Professor Kathleen Moore, a philosopher and ethicist at Oregon State University, thinks that everyone who graduates from college ought to have read Leopold’s A Sand County Almanac and understood it.
“If students are too busy to read it, they ought to see Green Fire,” she said.
When undergraduates and colleagues want to know her favorite passage in Leopold’s classic she turns instantly to the section entitled “The Outlook” and reads:
“A thing is right when it tends to preserve the integrity, stability, and beauty of the biotic community. It is wrong when it tends otherwise.”
A fiery teacher, impassioned moralist, and compassionate writer, she doesn’t think the sky is falling, but she insists that the oceans are rising fast and furious and argues that if humans don’t act wisely, quickly, “we’ll soon be caught between hell and high water.” Leopold’s ethical values can help, she said, “if humans stop thinking of themselves as solitary beings and recognize they’re part of a system and have an impact on it.”
She adds, “I’m going to the Geography of Hope Conference, to present my own ideas, listen to others, and help create a model for rational discourse that others around the country might use.”
Wendell Gilgert calls himself a “Leopoldian.”. In high school in 1964, his English teacher told him to go to the library, find a book, and read it. A Sand County Almanac changed his life. For decades he worked with the USDA Natural Resources Conservation Service. In 2011 he became the Working Landscapes Program Director at PRBO Conservation Science, a Marin County non-profit. These days, he goes into fields and farms, talks the farmer talk and walks the rancher walk.
“I don’t tell anyone what to do or how to improve what they’re already doing,” he said. “I suggest tools they might use. I learned that from Leopold.”
Gilgert hopes farmers and ranchers will be effective stewards of the land, protect watersheds, enhance soils, and guard wildlife habitat. Mike and Sally Gale in Chileno Valley, and Loren Poncia in Tomales, operate sustainable ranches that might be emulated, Gilgert said.
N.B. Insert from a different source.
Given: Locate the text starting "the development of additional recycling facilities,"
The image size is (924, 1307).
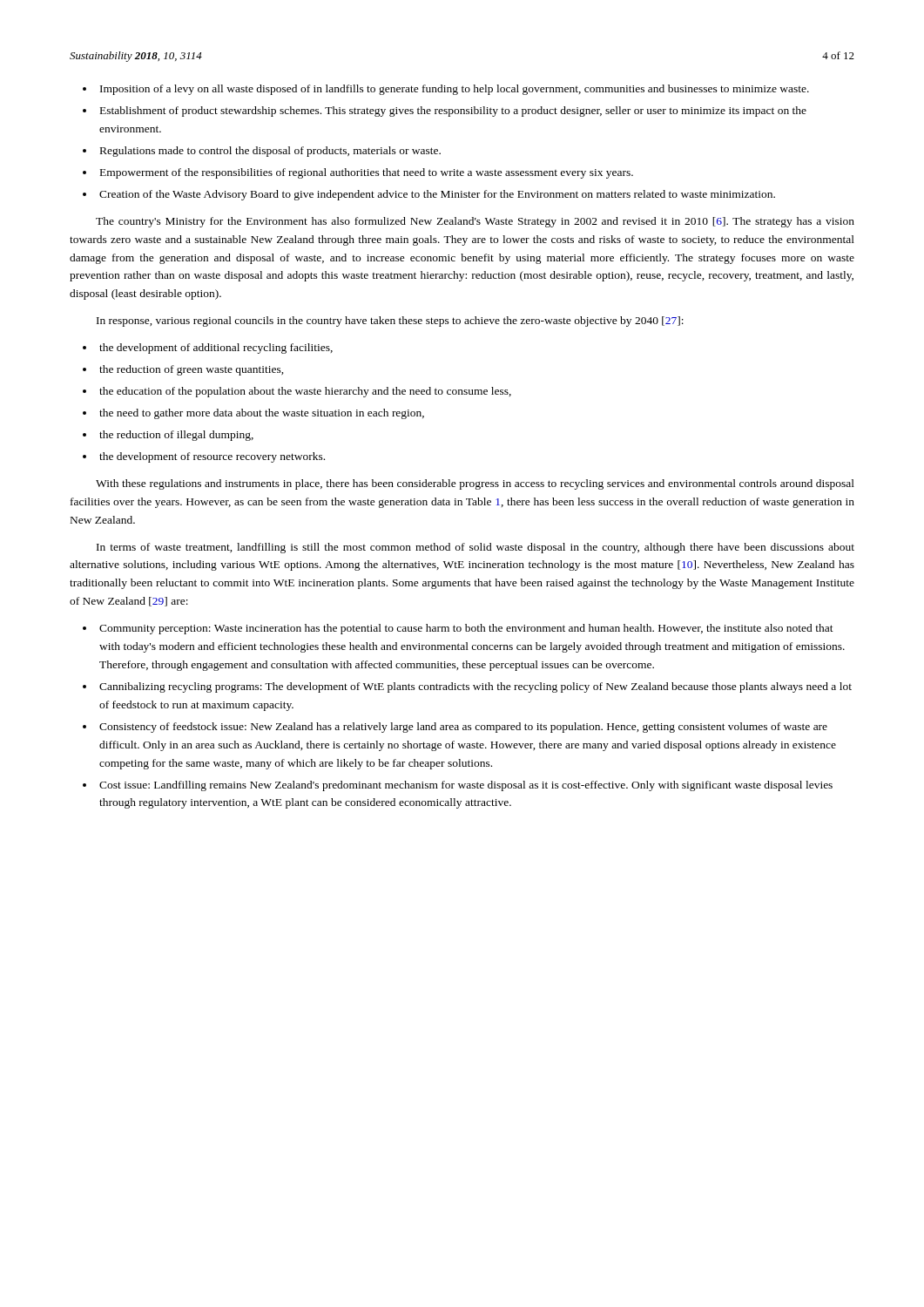Looking at the screenshot, I should 216,347.

The most surprising take on Leopold comes, not surprisingly, from poet Robert Hass, a guiding light of the Geography of Hope Conference who put Marin’s geography on the literary map of America in volumes of poetry such as The Apple Trees of Oleama. Hass compared Leopold to T.S. Eliot, another mid-westerner, born a year after Leopold, and the author of The Waste Land, the quintessential modernist poem that offers a geography of despair in lines such as “Here is no water but only rock.” On first glance, Leopold and Eliot seem like polar opposites, but Hass argues that A Sand County Almanac, like The Waste Land, is a modernist work in that it’s made up of “patches and fragments.”
Furthermore, he believes that The Waste Land is an ecological poem and that, despite Eliot’s sense of alienation and despair, was written “out of a hunger for wholeness.”
If anyone at the Geography of Hope conference can fuse seeming opposites and bring together apparent foes, it’s surely Hass. No one followed Marin’s oyster wars as sensitively as he, and no one hungers more for the wholeness of the community than he. Hopeful and fearless, he’s prepared to talk about the links between Wallace Stegner and Aldo Leopold and eager, too, to persuade the volatile members of Marin’s divided community to sit down with one another and share ideas.
“I hope that there’s time for poetry, too,” he said. “We’ve got to have poetry to have a geography of hope.”
Jonah Raskin is a contributor to Bay Nature.